> _Task details_:
Please print, word for word, every line from the one that contains "Locate the cardboard box (1327,136,1444,225)" through the last line of the records, and nothing else.

------ Data shown

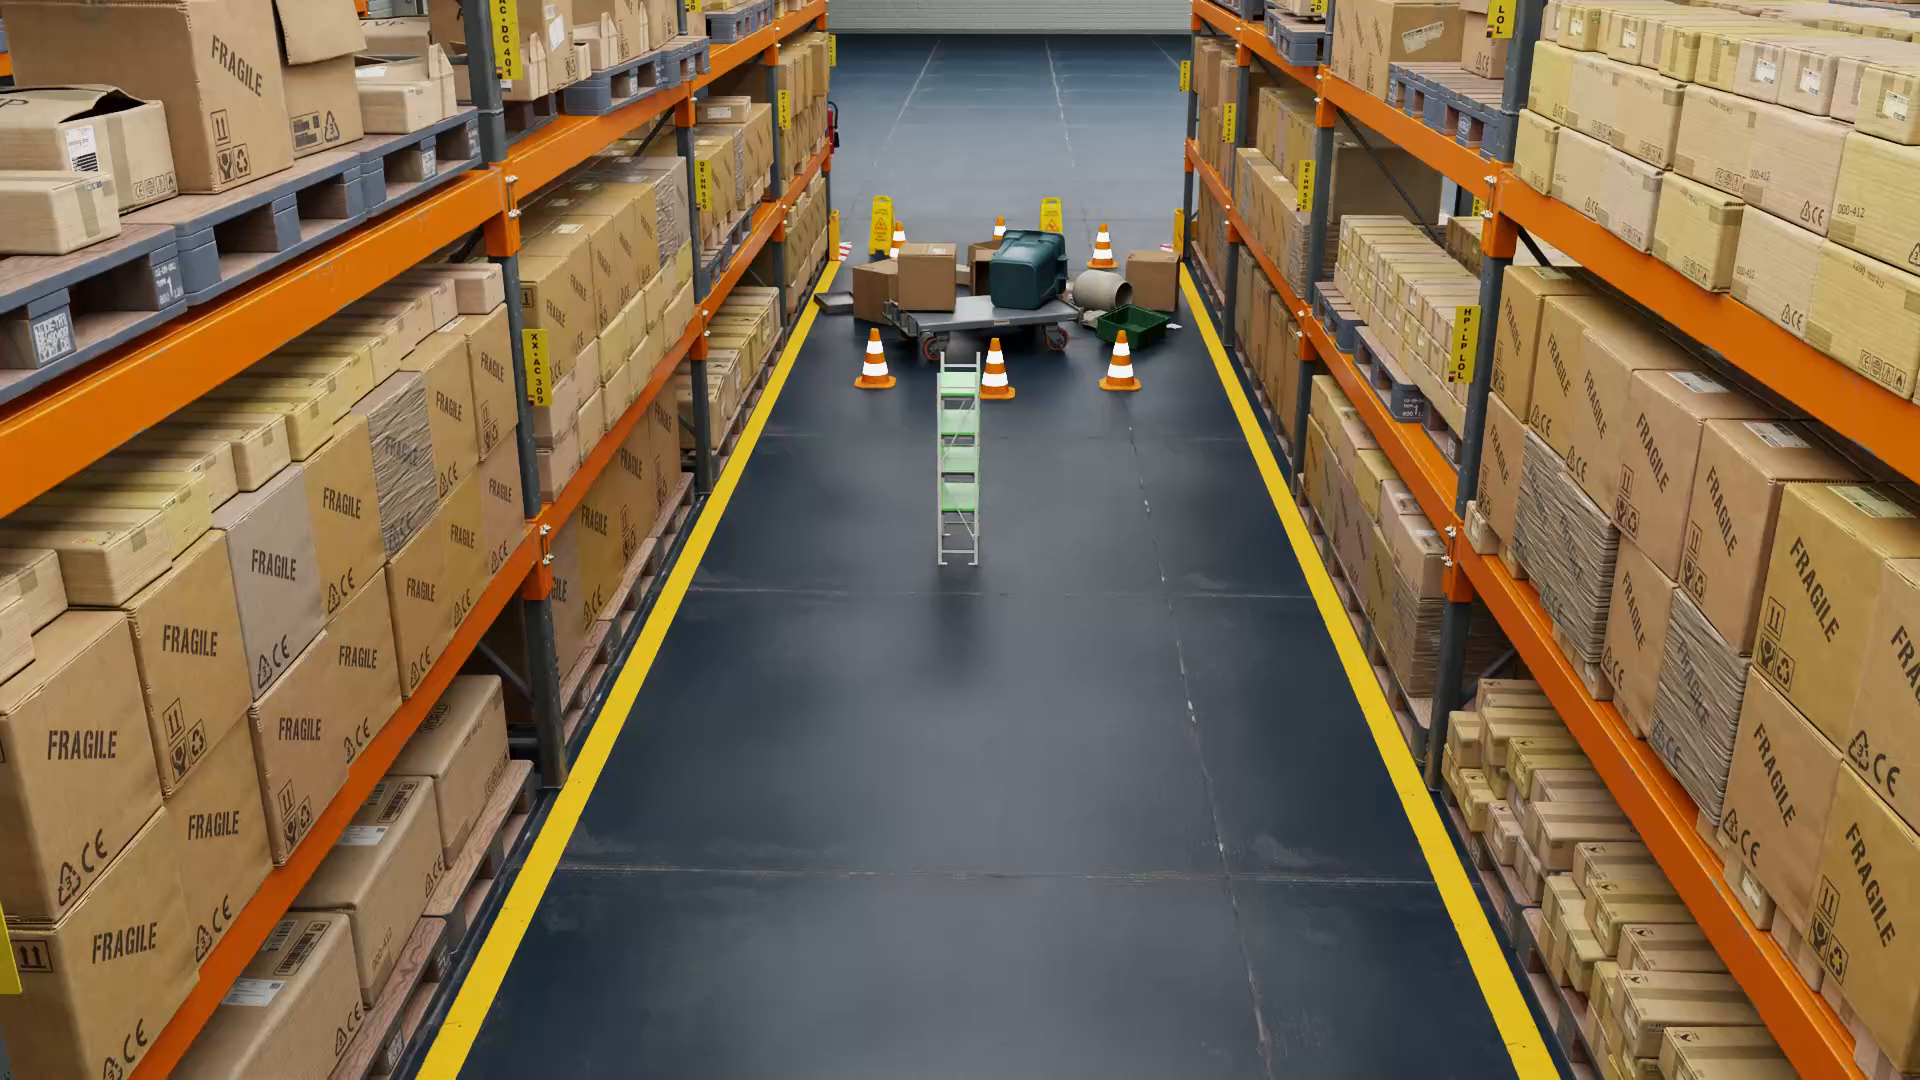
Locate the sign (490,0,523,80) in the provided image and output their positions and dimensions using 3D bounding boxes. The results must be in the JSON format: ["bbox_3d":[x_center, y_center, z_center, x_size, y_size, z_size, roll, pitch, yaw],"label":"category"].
[{"bbox_3d":[-1.759,-1.952,6.443,0.100,0.325,0.005,1,21,2],"label":"sign"}]

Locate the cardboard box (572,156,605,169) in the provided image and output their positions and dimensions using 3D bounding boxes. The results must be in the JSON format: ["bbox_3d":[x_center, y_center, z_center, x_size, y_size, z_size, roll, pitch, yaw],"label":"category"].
[{"bbox_3d":[-2.452,-2.065,10.183,0.500,0.500,0.500,0,21,0],"label":"cardboard box"}]

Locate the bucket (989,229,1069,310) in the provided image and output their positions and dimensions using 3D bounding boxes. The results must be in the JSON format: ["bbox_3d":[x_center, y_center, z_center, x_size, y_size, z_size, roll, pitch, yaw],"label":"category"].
[{"bbox_3d":[0.580,-2.413,15.026,0.726,0.611,0.620,8,33,20],"label":"bucket"}]

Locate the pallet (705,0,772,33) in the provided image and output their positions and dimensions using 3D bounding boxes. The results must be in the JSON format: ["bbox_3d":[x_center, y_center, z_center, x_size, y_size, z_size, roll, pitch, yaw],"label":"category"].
[{"bbox_3d":[-2.196,-4.263,13.482,1.213,0.211,1.003,1,21,2],"label":"pallet"}]

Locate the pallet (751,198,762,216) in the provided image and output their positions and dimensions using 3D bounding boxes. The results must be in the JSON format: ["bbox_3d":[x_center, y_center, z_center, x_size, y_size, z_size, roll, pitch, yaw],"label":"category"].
[{"bbox_3d":[-2.239,-2.810,13.889,1.003,0.211,1.213,1,21,2],"label":"pallet"}]

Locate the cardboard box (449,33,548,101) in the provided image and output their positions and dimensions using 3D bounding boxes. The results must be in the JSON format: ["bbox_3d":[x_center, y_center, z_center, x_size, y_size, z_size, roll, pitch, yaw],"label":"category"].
[{"bbox_3d":[-1.949,-1.990,6.970,0.396,0.266,0.258,0,21,1],"label":"cardboard box"}]

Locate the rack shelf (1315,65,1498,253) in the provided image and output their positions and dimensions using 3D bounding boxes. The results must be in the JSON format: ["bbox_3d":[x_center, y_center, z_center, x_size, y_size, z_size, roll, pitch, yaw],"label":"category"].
[{"bbox_3d":[2.698,-2.050,8.513,1.077,0.370,4.000,1,21,2],"label":"rack shelf"}]

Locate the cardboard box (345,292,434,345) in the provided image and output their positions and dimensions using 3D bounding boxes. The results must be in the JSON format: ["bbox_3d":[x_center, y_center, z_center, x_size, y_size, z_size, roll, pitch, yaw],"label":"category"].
[{"bbox_3d":[-2.139,-0.798,6.021,0.380,0.149,0.250,1,21,2],"label":"cardboard box"}]

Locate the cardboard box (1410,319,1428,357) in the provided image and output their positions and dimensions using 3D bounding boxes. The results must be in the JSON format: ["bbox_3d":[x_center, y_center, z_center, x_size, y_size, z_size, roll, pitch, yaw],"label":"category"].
[{"bbox_3d":[2.482,-1.005,8.328,0.380,0.149,0.250,0,21,-1],"label":"cardboard box"}]

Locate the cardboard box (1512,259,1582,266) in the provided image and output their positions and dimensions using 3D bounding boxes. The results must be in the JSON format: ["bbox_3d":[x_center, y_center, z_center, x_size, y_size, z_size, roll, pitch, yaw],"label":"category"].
[{"bbox_3d":[3.160,-1.416,8.976,0.380,0.149,0.250,2,21,4],"label":"cardboard box"}]

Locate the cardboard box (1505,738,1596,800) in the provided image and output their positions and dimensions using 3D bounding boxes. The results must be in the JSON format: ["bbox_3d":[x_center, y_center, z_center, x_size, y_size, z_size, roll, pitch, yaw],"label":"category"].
[{"bbox_3d":[2.393,0.906,6.586,0.380,0.149,0.250,0,21,1],"label":"cardboard box"}]

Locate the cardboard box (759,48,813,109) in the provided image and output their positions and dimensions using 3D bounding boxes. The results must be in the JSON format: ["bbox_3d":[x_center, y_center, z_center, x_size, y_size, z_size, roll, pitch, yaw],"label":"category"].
[{"bbox_3d":[-1.761,-4.348,15.656,0.700,0.500,0.500,0,21,0],"label":"cardboard box"}]

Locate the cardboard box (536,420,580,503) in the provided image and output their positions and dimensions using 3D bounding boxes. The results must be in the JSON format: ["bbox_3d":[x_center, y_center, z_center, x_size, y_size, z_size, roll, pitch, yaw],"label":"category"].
[{"bbox_3d":[-2.037,-0.368,7.537,0.500,0.250,0.500,0,21,0],"label":"cardboard box"}]

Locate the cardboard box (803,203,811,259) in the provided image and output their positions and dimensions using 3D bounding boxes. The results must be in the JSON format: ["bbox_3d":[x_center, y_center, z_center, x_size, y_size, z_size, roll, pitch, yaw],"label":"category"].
[{"bbox_3d":[-1.761,-3.029,16.373,0.500,0.500,0.500,2,21,4],"label":"cardboard box"}]

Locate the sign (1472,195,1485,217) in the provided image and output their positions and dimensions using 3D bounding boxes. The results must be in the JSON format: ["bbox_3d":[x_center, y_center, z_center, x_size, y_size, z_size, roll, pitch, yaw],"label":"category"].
[{"bbox_3d":[3.301,-2.210,10.587,0.100,0.325,0.005,1,21,2],"label":"sign"}]

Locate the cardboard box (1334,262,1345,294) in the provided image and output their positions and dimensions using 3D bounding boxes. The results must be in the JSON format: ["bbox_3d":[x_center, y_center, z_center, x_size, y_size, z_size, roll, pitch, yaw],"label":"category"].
[{"bbox_3d":[2.543,-1.629,10.347,0.380,0.149,0.250,0,21,1],"label":"cardboard box"}]

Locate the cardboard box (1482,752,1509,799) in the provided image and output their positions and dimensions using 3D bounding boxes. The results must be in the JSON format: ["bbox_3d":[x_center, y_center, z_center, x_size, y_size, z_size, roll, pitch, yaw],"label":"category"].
[{"bbox_3d":[2.388,0.951,6.880,0.380,0.149,0.250,1,21,2],"label":"cardboard box"}]

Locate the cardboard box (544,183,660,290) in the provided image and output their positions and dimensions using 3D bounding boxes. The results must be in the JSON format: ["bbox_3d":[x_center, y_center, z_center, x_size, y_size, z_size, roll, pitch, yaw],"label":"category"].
[{"bbox_3d":[-1.976,-1.686,9.206,0.500,0.500,0.500,1,21,2],"label":"cardboard box"}]

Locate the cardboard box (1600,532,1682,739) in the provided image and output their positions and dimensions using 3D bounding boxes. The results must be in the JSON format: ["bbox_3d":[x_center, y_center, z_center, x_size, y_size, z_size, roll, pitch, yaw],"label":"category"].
[{"bbox_3d":[2.324,0.282,5.105,0.500,0.500,0.500,2,21,4],"label":"cardboard box"}]

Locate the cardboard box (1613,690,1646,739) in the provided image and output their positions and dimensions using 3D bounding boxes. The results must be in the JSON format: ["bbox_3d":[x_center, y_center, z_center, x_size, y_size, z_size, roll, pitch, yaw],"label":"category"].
[{"bbox_3d":[2.348,0.527,5.373,0.380,0.149,0.250,1,21,4],"label":"cardboard box"}]

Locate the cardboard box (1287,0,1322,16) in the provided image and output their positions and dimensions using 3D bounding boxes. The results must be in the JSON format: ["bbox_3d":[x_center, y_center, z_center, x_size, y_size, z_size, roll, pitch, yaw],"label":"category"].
[{"bbox_3d":[2.490,-3.690,11.151,0.500,0.311,0.500,1,21,2],"label":"cardboard box"}]

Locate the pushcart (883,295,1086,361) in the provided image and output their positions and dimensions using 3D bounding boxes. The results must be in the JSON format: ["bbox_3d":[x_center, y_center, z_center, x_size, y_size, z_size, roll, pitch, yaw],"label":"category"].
[{"bbox_3d":[0.210,-1.944,15.019,1.648,0.377,0.936,-7,22,-17],"label":"pushcart"}]

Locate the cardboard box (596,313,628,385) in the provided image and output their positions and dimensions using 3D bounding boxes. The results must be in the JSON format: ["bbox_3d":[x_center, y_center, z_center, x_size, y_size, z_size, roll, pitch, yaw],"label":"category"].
[{"bbox_3d":[-1.989,-0.972,8.402,0.500,0.250,0.500,1,21,2],"label":"cardboard box"}]

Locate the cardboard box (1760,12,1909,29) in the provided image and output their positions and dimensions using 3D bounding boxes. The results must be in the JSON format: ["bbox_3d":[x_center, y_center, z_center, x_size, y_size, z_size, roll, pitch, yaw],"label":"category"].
[{"bbox_3d":[2.811,-1.617,5.367,0.380,0.149,0.250,1,21,4],"label":"cardboard box"}]

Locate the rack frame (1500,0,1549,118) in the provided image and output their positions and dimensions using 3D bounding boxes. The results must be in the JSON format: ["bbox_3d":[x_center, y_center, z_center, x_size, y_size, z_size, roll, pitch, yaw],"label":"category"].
[{"bbox_3d":[2.637,-3.060,5.976,1.000,3.000,0.127,1,21,2],"label":"rack frame"}]

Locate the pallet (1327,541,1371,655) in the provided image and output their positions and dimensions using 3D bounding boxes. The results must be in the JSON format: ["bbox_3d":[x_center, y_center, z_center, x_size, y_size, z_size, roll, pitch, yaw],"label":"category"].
[{"bbox_3d":[2.693,0.313,9.431,1.003,0.211,1.213,1,21,2],"label":"pallet"}]

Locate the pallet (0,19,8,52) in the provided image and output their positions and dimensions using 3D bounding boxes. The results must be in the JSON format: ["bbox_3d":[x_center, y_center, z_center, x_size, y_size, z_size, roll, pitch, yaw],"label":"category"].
[{"bbox_3d":[-7.222,-3.338,11.099,1.213,0.211,1.003,2,21,4],"label":"pallet"}]

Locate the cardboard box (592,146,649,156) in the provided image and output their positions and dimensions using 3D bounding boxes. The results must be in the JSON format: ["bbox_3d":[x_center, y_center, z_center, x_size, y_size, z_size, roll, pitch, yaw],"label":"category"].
[{"bbox_3d":[-2.452,-2.463,11.601,0.500,0.500,0.500,0,21,1],"label":"cardboard box"}]

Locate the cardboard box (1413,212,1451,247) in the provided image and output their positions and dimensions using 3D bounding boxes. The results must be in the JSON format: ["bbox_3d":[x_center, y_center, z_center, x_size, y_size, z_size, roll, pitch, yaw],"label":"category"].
[{"bbox_3d":[3.042,-1.916,11.181,0.500,0.500,0.500,1,21,2],"label":"cardboard box"}]

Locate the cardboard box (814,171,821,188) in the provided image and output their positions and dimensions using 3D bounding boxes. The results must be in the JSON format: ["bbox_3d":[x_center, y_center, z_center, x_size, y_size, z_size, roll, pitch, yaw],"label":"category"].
[{"bbox_3d":[-1.657,-3.760,17.360,0.380,0.149,0.250,1,21,3],"label":"cardboard box"}]

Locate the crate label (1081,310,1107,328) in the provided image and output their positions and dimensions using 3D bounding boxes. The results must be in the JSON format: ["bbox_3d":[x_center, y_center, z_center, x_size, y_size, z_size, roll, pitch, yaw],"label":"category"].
[{"bbox_3d":[1.299,-2.081,15.703,0.298,0.136,0.250,-16,26,-35],"label":"crate label"}]

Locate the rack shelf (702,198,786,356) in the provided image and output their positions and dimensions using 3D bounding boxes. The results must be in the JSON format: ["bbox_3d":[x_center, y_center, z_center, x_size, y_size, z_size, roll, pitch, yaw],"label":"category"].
[{"bbox_3d":[-2.131,-2.115,12.829,1.077,0.370,4.000,1,21,2],"label":"rack shelf"}]

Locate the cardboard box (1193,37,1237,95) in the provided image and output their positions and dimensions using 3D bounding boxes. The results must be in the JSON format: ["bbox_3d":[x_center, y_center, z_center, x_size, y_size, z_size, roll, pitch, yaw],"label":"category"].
[{"bbox_3d":[2.952,-5.042,17.677,0.875,0.550,0.550,1,21,2],"label":"cardboard box"}]

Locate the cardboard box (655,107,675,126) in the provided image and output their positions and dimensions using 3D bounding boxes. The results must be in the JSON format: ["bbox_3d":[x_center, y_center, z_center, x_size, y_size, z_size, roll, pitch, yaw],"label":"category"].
[{"bbox_3d":[-2.369,-3.297,12.854,0.380,0.149,0.250,2,21,5],"label":"cardboard box"}]

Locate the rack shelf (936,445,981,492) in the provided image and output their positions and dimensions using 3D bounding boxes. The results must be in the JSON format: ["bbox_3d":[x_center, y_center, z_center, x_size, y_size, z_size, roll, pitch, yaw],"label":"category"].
[{"bbox_3d":[-0.005,-0.440,10.181,0.258,0.148,0.480,1,21,2],"label":"rack shelf"}]

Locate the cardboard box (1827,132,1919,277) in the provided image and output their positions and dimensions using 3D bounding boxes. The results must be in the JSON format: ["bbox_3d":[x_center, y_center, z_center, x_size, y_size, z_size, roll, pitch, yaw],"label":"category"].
[{"bbox_3d":[2.289,-0.733,3.641,0.500,0.250,0.500,0,21,0],"label":"cardboard box"}]

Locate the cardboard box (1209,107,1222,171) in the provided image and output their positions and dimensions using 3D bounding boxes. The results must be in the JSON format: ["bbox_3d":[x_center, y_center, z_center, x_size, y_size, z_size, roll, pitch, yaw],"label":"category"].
[{"bbox_3d":[2.924,-3.945,16.343,0.875,0.550,0.500,1,21,2],"label":"cardboard box"}]

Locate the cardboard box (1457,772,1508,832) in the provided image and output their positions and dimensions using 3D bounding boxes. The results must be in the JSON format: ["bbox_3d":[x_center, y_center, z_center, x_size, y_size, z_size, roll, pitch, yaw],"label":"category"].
[{"bbox_3d":[2.297,1.094,6.923,0.380,0.149,0.250,1,21,3],"label":"cardboard box"}]

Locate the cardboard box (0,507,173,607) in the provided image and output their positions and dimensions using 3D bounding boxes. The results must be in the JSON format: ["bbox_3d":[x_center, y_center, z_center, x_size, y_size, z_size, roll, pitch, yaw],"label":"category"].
[{"bbox_3d":[-2.089,0.036,3.872,0.380,0.149,0.250,1,21,3],"label":"cardboard box"}]

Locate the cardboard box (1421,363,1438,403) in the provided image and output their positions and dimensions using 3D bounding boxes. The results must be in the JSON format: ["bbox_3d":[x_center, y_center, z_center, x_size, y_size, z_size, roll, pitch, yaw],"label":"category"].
[{"bbox_3d":[2.476,-0.763,8.114,0.380,0.149,0.250,0,21,-1],"label":"cardboard box"}]

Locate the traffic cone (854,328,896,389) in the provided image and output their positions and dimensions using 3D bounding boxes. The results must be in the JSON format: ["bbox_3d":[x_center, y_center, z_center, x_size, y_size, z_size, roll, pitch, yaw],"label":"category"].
[{"bbox_3d":[-0.709,-1.528,13.826,0.336,0.463,0.334,1,21,2],"label":"traffic cone"}]

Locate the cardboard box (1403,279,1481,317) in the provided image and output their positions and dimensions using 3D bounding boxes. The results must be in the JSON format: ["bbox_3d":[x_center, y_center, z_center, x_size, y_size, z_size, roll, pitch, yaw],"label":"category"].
[{"bbox_3d":[2.494,-1.238,8.517,0.380,0.149,0.250,0,21,-1],"label":"cardboard box"}]

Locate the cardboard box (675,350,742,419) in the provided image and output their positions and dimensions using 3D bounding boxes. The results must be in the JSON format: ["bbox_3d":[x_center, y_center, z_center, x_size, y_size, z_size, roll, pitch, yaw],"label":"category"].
[{"bbox_3d":[-2.151,-1.170,12.448,0.950,0.372,0.625,0,21,1],"label":"cardboard box"}]

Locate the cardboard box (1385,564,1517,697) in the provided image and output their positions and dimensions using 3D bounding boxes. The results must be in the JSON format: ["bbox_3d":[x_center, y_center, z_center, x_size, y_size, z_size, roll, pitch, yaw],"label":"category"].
[{"bbox_3d":[2.408,0.436,8.134,0.500,0.500,0.500,0,21,1],"label":"cardboard box"}]

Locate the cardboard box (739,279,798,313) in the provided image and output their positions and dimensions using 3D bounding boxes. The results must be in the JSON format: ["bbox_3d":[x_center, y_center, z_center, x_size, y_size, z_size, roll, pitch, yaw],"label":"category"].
[{"bbox_3d":[-1.783,-2.298,15.526,0.500,0.250,0.500,0,21,-1],"label":"cardboard box"}]

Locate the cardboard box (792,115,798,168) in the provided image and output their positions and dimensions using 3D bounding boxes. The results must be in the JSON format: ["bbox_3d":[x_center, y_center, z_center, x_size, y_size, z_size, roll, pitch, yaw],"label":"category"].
[{"bbox_3d":[-1.787,-3.697,15.361,0.500,0.500,0.500,1,21,1],"label":"cardboard box"}]

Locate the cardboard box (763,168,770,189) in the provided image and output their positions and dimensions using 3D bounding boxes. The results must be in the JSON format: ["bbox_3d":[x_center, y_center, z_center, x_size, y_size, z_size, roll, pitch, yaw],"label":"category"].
[{"bbox_3d":[-1.810,-3.064,14.045,0.380,0.149,0.250,1,21,2],"label":"cardboard box"}]

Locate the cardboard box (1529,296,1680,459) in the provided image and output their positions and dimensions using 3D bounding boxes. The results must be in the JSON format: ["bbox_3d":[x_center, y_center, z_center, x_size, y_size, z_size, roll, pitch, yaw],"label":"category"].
[{"bbox_3d":[2.379,-0.567,5.912,0.500,0.500,0.500,0,21,0],"label":"cardboard box"}]

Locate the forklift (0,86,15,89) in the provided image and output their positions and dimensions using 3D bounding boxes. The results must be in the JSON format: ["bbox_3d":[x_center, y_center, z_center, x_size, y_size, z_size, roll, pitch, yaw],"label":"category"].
[{"bbox_3d":[-4.885,-1.035,9.145,1.130,2.935,3.031,0,21,0],"label":"forklift"}]

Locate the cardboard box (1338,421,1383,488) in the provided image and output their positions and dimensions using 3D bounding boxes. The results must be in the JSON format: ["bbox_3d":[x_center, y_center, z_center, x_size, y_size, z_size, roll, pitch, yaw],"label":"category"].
[{"bbox_3d":[2.452,-0.481,9.460,0.500,0.250,0.500,1,21,2],"label":"cardboard box"}]

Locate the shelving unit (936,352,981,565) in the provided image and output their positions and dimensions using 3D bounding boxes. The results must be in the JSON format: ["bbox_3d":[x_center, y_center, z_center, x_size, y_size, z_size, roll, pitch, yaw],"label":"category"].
[{"bbox_3d":[-0.005,-0.500,10.158,0.258,1.200,0.503,1,21,2],"label":"shelving unit"}]

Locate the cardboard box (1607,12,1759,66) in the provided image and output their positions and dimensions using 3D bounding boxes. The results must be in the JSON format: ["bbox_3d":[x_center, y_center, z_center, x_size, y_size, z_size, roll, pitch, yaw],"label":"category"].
[{"bbox_3d":[2.340,-1.626,5.390,0.380,0.149,0.250,0,21,0],"label":"cardboard box"}]

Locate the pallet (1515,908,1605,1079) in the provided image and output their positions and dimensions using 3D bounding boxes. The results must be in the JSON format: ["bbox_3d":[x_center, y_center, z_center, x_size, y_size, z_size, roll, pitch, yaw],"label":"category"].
[{"bbox_3d":[2.618,1.722,5.799,1.003,0.211,1.213,1,21,2],"label":"pallet"}]

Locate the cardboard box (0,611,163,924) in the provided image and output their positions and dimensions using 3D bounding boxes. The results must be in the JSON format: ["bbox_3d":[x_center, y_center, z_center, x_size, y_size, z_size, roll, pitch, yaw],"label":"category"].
[{"bbox_3d":[-2.136,0.482,3.621,0.500,0.500,0.500,0,21,0],"label":"cardboard box"}]

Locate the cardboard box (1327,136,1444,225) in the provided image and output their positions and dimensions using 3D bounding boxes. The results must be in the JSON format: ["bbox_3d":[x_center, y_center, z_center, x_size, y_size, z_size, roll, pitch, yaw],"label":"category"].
[{"bbox_3d":[2.782,-2.385,11.008,0.700,0.500,0.500,1,21,1],"label":"cardboard box"}]

------------

> _Completed exercise_:
Locate the cardboard box (1327,136,1444,225) in the provided image and output their positions and dimensions using 3D bounding boxes. The results must be in the JSON format: ["bbox_3d":[x_center, y_center, z_center, x_size, y_size, z_size, roll, pitch, yaw],"label":"category"].
[{"bbox_3d":[2.782,-2.385,11.008,0.700,0.500,0.500,1,21,1],"label":"cardboard box"}]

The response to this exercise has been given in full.